Definition 13   Let $\mu\in I\!\!R$ and $\sigma\in I\!\!R^\ast$, a plBellShape on $\Omega=\{X_1\}$, given $\mu$ and $\sigma$ is a kernel where the compute function is defined as follows:

$$compute(\omega) = BellShape(\omega,\mu,\sigma)$$ (3.8)

where

$$BellShape(\omega,\mu,\sigma) = \frac{\exp\left[-\frac{(\omega-\mu)^2}{2\sigma^2}\right]}{\sigma\sqrt{2\pi}}$$ (3.9)

Example 6   Here we define a plBellShape kernel on $\Omega =\{X\}$ with $X=[-30,-29,...,30]$, $\mu =0$ and $\sigma = 8.1$.

図 3.6: A bellShape kernel with $\Omega =\{X\}$, $X=[-30,-29,...,30]$, $\mu =0$ and $\sigma = 8.1$.

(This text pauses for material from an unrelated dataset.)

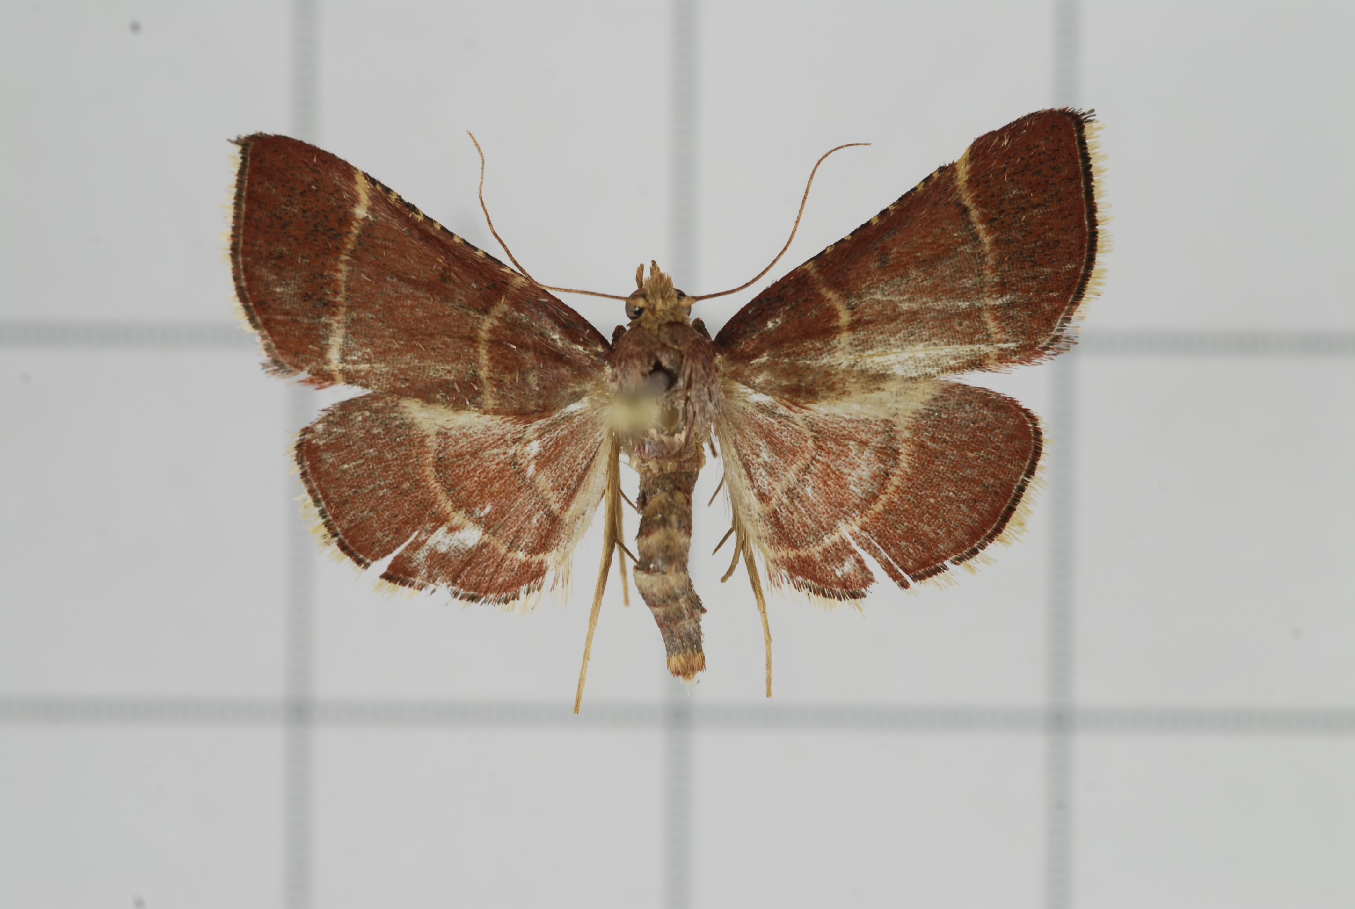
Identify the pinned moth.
Herculia pelasgalis
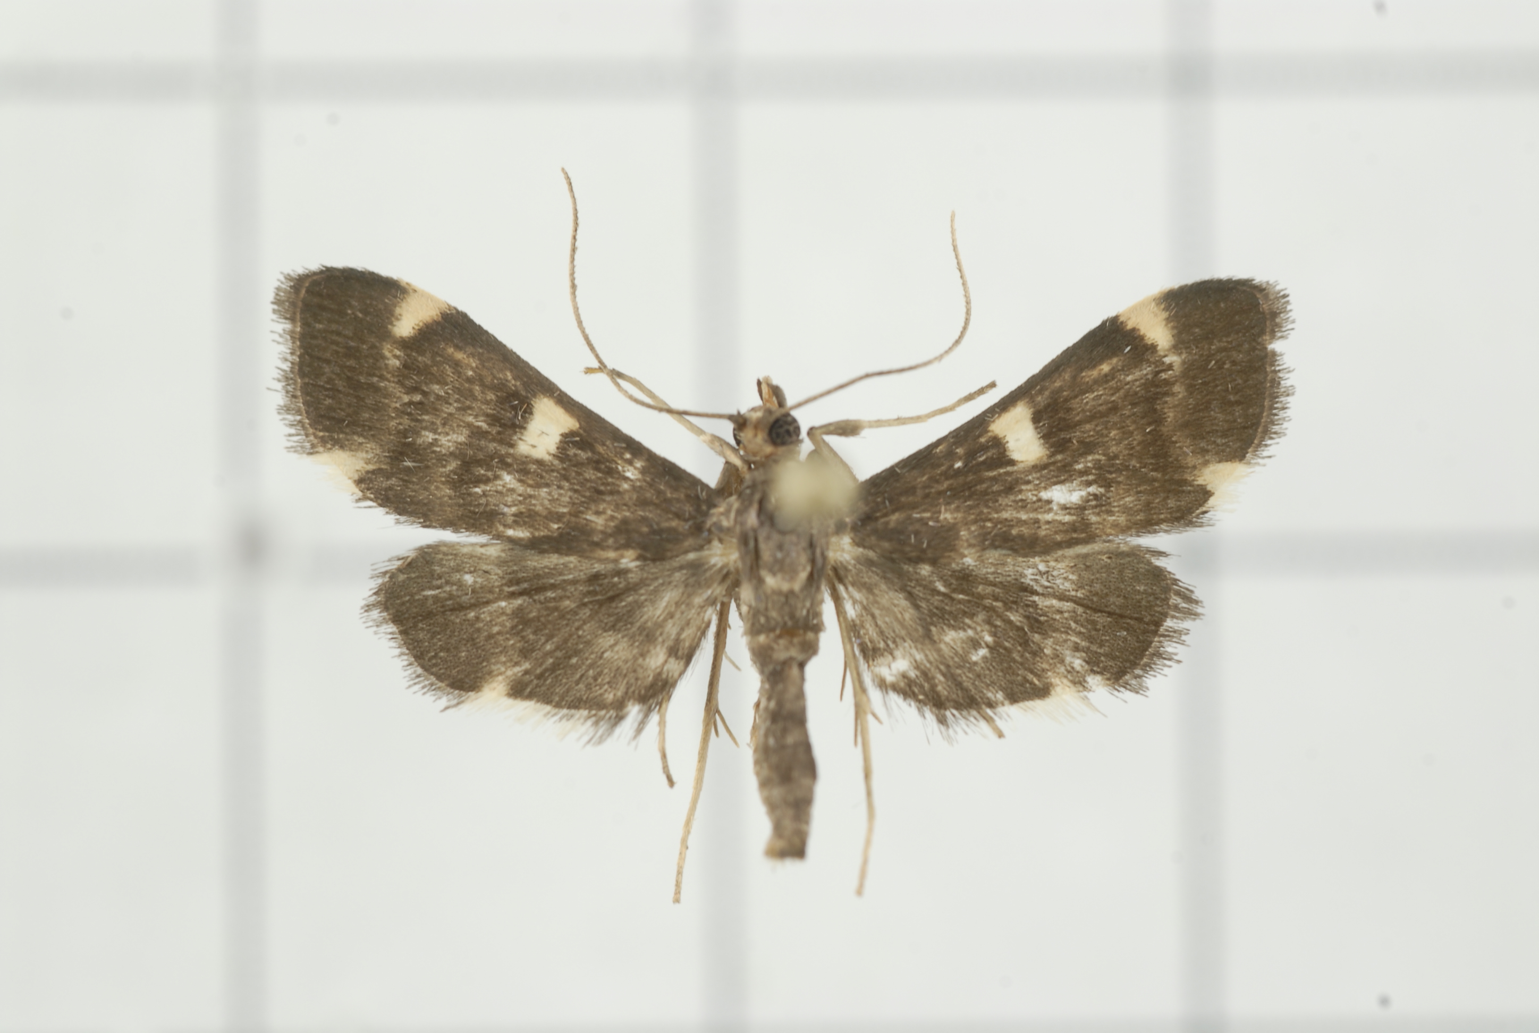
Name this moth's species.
Piletocera aegimiusalis

The construction of the plBellShape kernel is given by

  plBellShape Px(X,0,8.1);

The output of the plBellShape shows as follows:

X = {x} with x in [-30,-29,...,30]
P(x) = plBellShape(x,0,8.1)

Generating 5 random values
draw # 0 = { x=9 } 
draw # 1 = { x=-3 } 
draw # 2 = { x=5 } 
draw # 3 = { x=5 } 
draw # 4 = { x=-6 } 

Generating 5 best values
best # 0 = { x=0 } 
best # 1 = { x=0 } 
best # 2 = { x=0 } 
best # 3 = { x=0 } 
best # 4 = { x=0 } 

Examples of compute 
compute({ x=0 } )= 0.0492291
compute({ x=-30 } )= 5.2155e-05
compute({ x=29 } )= 8.17183e-05
compute({ x=30 } )= 5.2155e-05

Notice that in contrast with plNormal the compute function is defined for all value on $\omega$ (e.g. on { x=30 }).